### Information
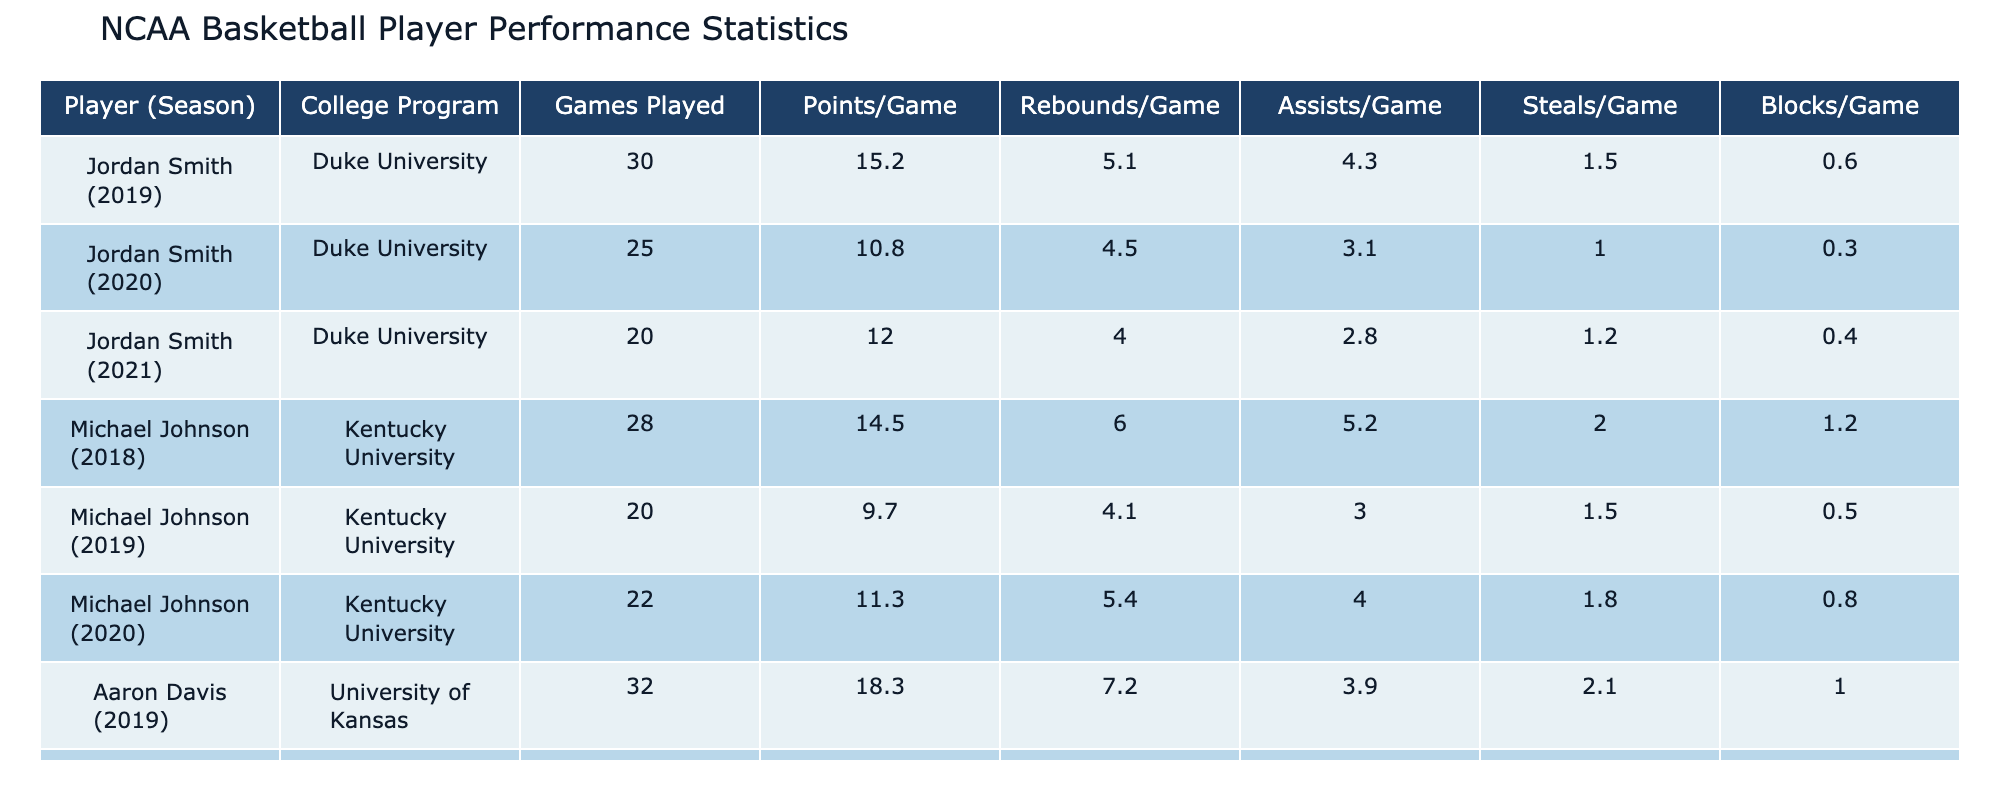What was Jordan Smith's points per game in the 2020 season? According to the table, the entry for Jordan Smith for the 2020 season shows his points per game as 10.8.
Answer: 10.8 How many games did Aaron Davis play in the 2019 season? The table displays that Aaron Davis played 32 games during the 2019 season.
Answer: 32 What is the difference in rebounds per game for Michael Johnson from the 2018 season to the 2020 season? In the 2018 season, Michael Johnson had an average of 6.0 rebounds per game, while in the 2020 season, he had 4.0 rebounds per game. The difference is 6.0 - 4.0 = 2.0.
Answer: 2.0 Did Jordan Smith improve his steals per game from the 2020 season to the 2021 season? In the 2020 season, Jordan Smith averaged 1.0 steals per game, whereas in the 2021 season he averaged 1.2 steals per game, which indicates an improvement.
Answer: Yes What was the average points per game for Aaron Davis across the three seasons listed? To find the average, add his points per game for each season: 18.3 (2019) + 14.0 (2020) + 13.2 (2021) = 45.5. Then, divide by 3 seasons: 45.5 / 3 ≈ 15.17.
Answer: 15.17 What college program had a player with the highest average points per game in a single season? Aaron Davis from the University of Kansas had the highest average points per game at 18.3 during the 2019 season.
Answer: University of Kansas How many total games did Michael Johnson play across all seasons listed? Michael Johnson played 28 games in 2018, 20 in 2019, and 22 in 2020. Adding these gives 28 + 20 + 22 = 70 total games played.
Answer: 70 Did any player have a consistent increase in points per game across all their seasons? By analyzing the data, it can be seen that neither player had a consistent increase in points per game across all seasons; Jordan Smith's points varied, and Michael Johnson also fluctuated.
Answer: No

### Activity
Every line in the records above that has "University" counts once. Give the total and nothing else.

### Your solution
2